Personally, I an mot afraid of people who aren't vaccinated and don't wear a mask.  The thought of being otherwise reminds me of bad times past.


----------



## Gaer

Does anyone know if the ingredients of the vaccines were ever disclosed?


----------



## Keesha

I’d like to know the ingredients also.


----------



## SetWave

Gaer said:


> Does anyone know  the ingredients of the vaccines ?


a toad, a slice of swamp snake, a newt’s eye, a frog’s tongue, a bat’s fur, a dog’s tongue, a black snake’s forked tongue, a burrowing worm’s stinger, a lizard’s leg, an owl’s wing, a scale of dragon, a wolf’s tooth, a witch’s mummified flesh, the gullet and stomach of a ravenous shark, a root of hemlock (a very poisonous plant) that was dug up in the dark, a liver of Christian that is not baptized, a goat’s bile, slips of pine trees, a Turk’s nose, a Tartar’s lips, finger of a baby that was born dead by a prostitute, a tiger’s gut and a baboon’s blood.


----------



## Gaer

SetWave said:


> a toad, a slice of swamp snake, a newt’s eye, a frog’s tongue, a bat’s fur, a dog’s tongue, a black snake’s forked tongue, a burrowing worm’s stinger, a lizard’s leg, an owl’s wing, a scale of dragon, a wolf’s tooth, a witch’s mummified flesh, the gullet and stomach of a ravenous shark, a root of hemlock (a very poisonous plant) that was dug up in the dark, a liver of Christian that is not baptized, a goat’s bile, slips of pine trees, a Turk’s nose, a Tartar’s lips, finger of a baby that was born dead by a prostitute, a tiger’s gut and a baboon’s blood.


Good one!


----------



## SeaBreeze

Gaer said:


> Does anyone know if the ingredients of the vaccines were ever disclosed?

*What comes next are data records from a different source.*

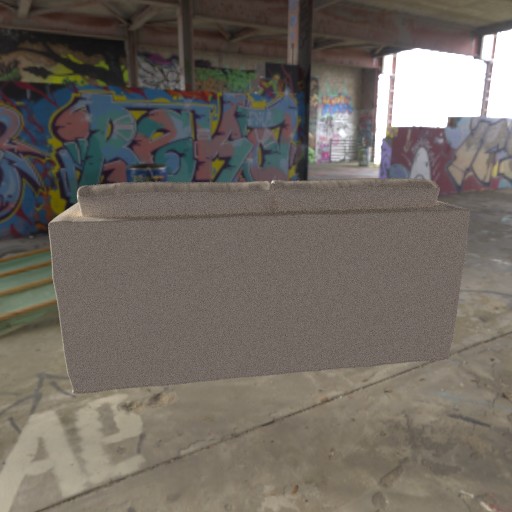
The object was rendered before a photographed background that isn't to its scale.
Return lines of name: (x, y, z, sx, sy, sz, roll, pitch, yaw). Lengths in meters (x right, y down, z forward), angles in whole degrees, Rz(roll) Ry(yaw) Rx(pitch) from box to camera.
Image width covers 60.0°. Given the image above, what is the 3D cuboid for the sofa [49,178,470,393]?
sofa: (0.000, 0.000, 2.276, 1.746, 0.834, 0.962, -3, 16, -10)
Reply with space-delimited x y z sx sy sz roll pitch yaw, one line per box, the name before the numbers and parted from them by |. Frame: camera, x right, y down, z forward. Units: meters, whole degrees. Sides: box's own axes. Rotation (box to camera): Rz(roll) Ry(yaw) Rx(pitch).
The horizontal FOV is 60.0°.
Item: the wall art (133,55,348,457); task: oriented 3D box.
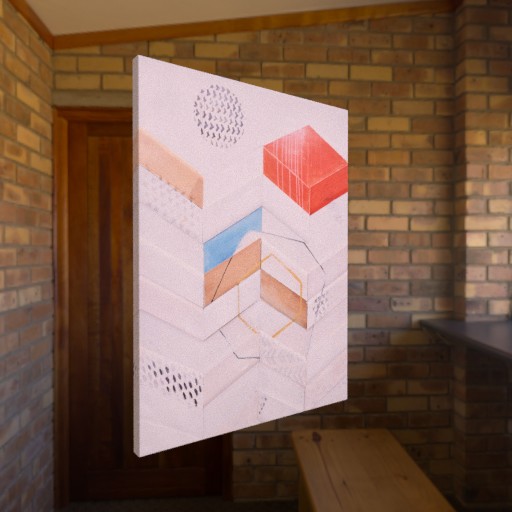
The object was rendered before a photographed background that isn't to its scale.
wall art | 0.000 0.000 1.352 0.759 1.014 0.045 0 1 -35
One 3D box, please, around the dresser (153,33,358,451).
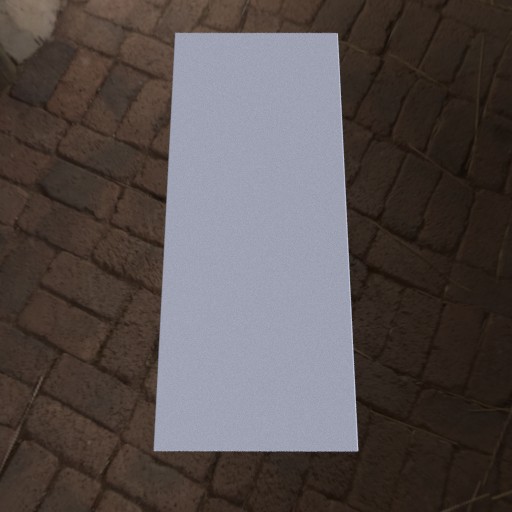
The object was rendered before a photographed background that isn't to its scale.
[{"bbox_3d":[0.000,0.000,1.524,0.460,0.820,1.100,0,76,0],"label":"dresser"}]

https://www.hackensackmeridianhealt...own-of-the-ingredients-in-the-covid-vaccines/

Links for ingredients for each vaccine from the CDC here.
https://www.cdc.gov/coronavirus/201...ccine ingredients:sem.ga:p:RG:GM:gen:PTN:FY21


----------



## Dana

.
_Soooo...people want to know the ingredients of the vaccine.  My question to them is:  Even if you are given the ingredients, will you have a clue as to what they mean.? How many of you are compounding pharmacists!
._


----------



## Aneeda72

Dana said:


> .
> _Soooo...people want to know the ingredients of the vaccine.  My question to them is:  Even if you are given the ingredients, will you have a clue as to what they mean.? How many of you are compounding pharmacists!
> ._


People are looking for known allergies for themselves


----------



## Brookswood

Ladybj said:


> Why don't they come up with some type of med to help people that has contacted the virus that end up in the hospital??  Taking the vaccine is like putting a bandage on your finger just in case you get a sore.


They are working on treatments for Covid. Hopefully, something like a single shot in the doctor's office or an Rx for pills that will knock out the virus.    

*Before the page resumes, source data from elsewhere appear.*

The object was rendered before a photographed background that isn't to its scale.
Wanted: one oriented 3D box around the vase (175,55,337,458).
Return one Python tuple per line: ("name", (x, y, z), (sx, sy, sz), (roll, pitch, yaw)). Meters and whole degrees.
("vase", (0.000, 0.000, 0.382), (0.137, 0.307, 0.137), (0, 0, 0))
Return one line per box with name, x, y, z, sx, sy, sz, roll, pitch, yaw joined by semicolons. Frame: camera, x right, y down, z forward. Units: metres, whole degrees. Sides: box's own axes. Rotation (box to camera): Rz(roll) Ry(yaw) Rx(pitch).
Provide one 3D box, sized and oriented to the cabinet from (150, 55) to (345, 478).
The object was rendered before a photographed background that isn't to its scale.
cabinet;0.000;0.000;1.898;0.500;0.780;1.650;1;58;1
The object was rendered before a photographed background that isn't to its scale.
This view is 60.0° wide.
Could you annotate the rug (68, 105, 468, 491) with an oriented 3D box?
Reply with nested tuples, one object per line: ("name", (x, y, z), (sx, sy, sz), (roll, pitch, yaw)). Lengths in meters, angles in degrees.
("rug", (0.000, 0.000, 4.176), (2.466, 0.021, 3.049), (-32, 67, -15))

The vaccine is NOT like putting a bandage on your finger in case you get a sore.    Think of polio.   Is that like a sore?  I don't think so. As I write this a friend has his 30-something son in a hospital on a ventilator because he got Covid deep into his lungs.   In about a month he would have had his first vaccine shot and probably had enough immunity to shake it off without the need for hospitalization.   Sadly, he is among those who missed it by just a few weeks.   Thankfully, he is responding well to the treatments and may be off the ventilator in a few days.


----------



## Keesha

I’m no compounding pharmacist but that doesn’t stop me from inquiring in case anyone knows and thankfully somebody did.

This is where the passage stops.